Another finding of this review is a noticeable gap in the literature with a lack of studies exploring the acceptability of autism screening tools within CALD populations. The absence of acceptability studies impacts our understanding of the broader societal impact and is both academically and clinically relevant to ensure equitable and culturally competent screening (90). Without a clear understanding of how these tools are received within CALD communities, there may be inadvertent use of methods that are linguistically inappropriate or culturally insensitive. This may lead to inaccurate diagnoses or delays in early intervention and support. It can also result in mistrust within the communities towards the healthcare system (91), exacerbating disparities.
Clinical implications
There are several clinical implications stemming from this review. While it appears to have been useful in several studies, the use of multiple stages of translation and explanation as well as the requirement of additional personnel, training and education in the assessment introduces an additional layer of complexity to the assessment process. This can increase the risk of misunderstandings between the healthcare provider and parent/carer, potentially affecting the accuracy of the diagnosis.

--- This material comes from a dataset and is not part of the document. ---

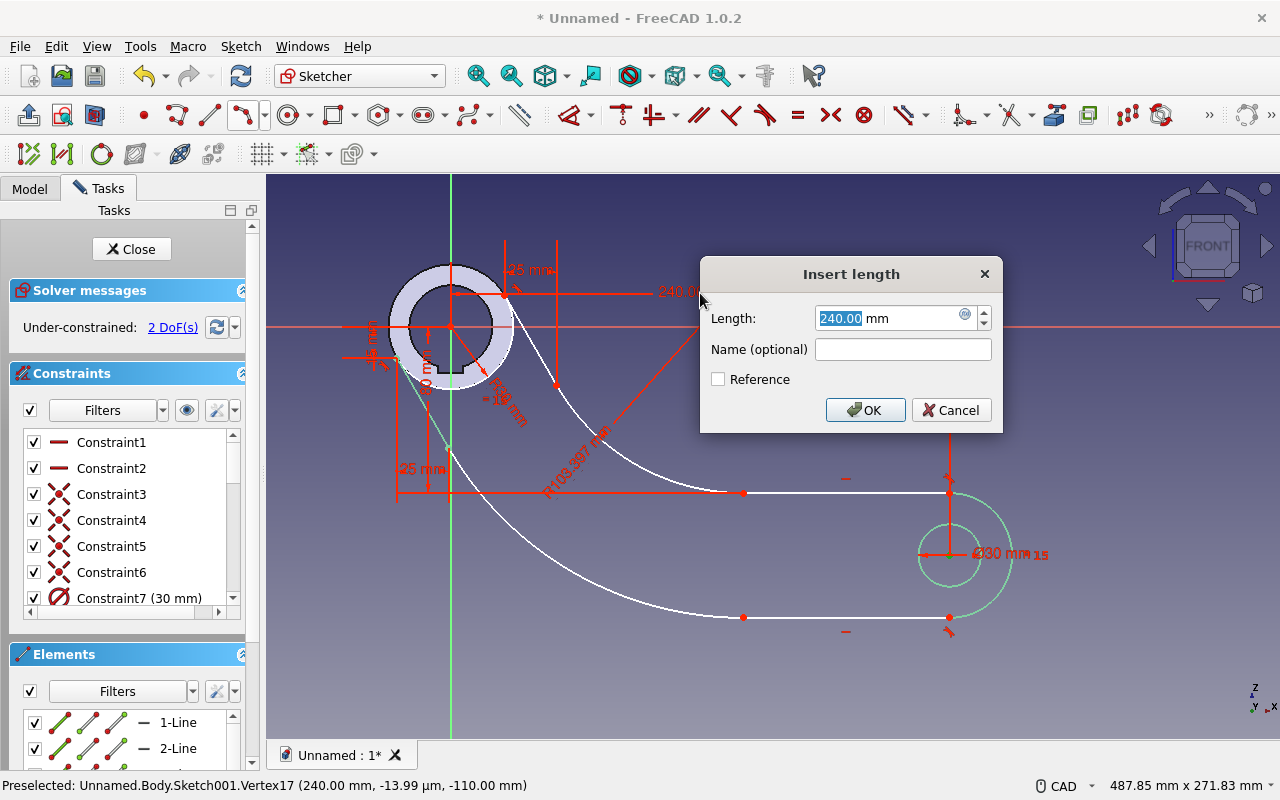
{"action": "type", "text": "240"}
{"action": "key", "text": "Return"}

Moreover, the use of multiple stages within the screening (e.g., follow-up interviews and phone calls) and diagnosis process may lead to increased drop-out or decreased follow-up rate. This can potentially result in further delays in intervention. The additional steps are also relevant in terms of policymaking as they can consume a considerable amount of time and resources with negative financial implications.
Strengths and limitations
One of the strengths of this review lies in its inclusivity of a wide range of studies from diverse languages and cultural backgrounds, each of which is distinct from the others. This allows for a more rounded understanding of the complexities and variations in autism in CALD children across a variety of cultures. The strength is enhanced by the use of a systematic approach with broad inclusion criteria and the inspection by two independent reviewers.
This review has several limitations. First, the inclusion of a wide range of studies from diverse cultural backgrounds, while a strength, also introduces a potential limitation in terms of the heterogeneity of the data. Variations in research methodologies, sample sizes, and cultural contexts make it challenging to draw uniform conclusions and comparisons across all studies.

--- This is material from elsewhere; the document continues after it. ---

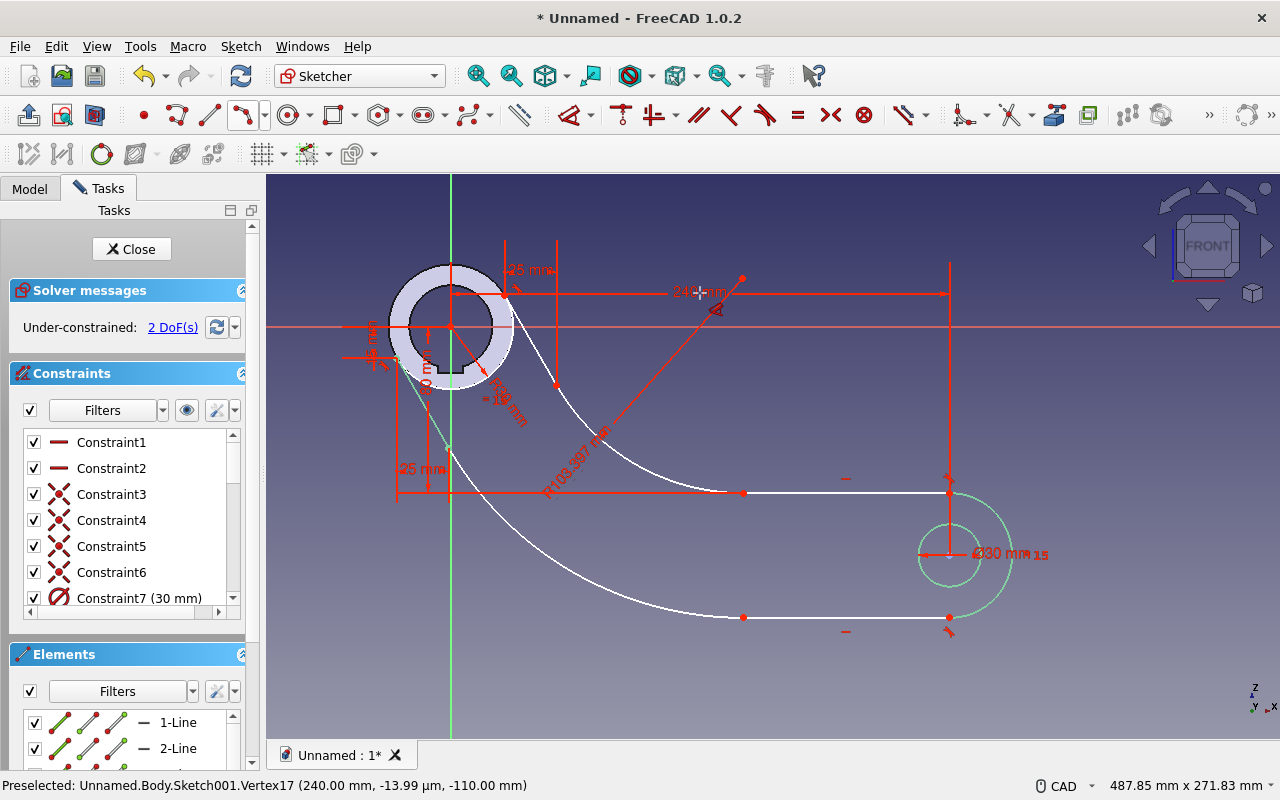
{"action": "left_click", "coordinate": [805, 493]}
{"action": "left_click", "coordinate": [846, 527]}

Of significance is that the majority of these studies exhibited a high risk of bias during quality assessment, using the QUADAS-2 and several studies lacked sufficient detail in their MMAT evaluations. This raises concern regarding the credibility of the findings and whether they can be generalised to other settings and contexts. Another limitation of this study is the absence of an examination of grey literature and reference lists which may have allowed for more complete data on autism screening in CALD communities. Additionally, language barriers and the exclusion of studies not available in English may limit the comprehensiveness of the review, potentially excluding valuable research conducted in non-English-speaking regions. Furthermore, while the review highlights the cultural diversity within the selected studies, it focused only on reliability and validity which was demonstrated by psychometric parameters rather than the relevance of items to specific cultural contexts and as mentioned above, the adaptation process.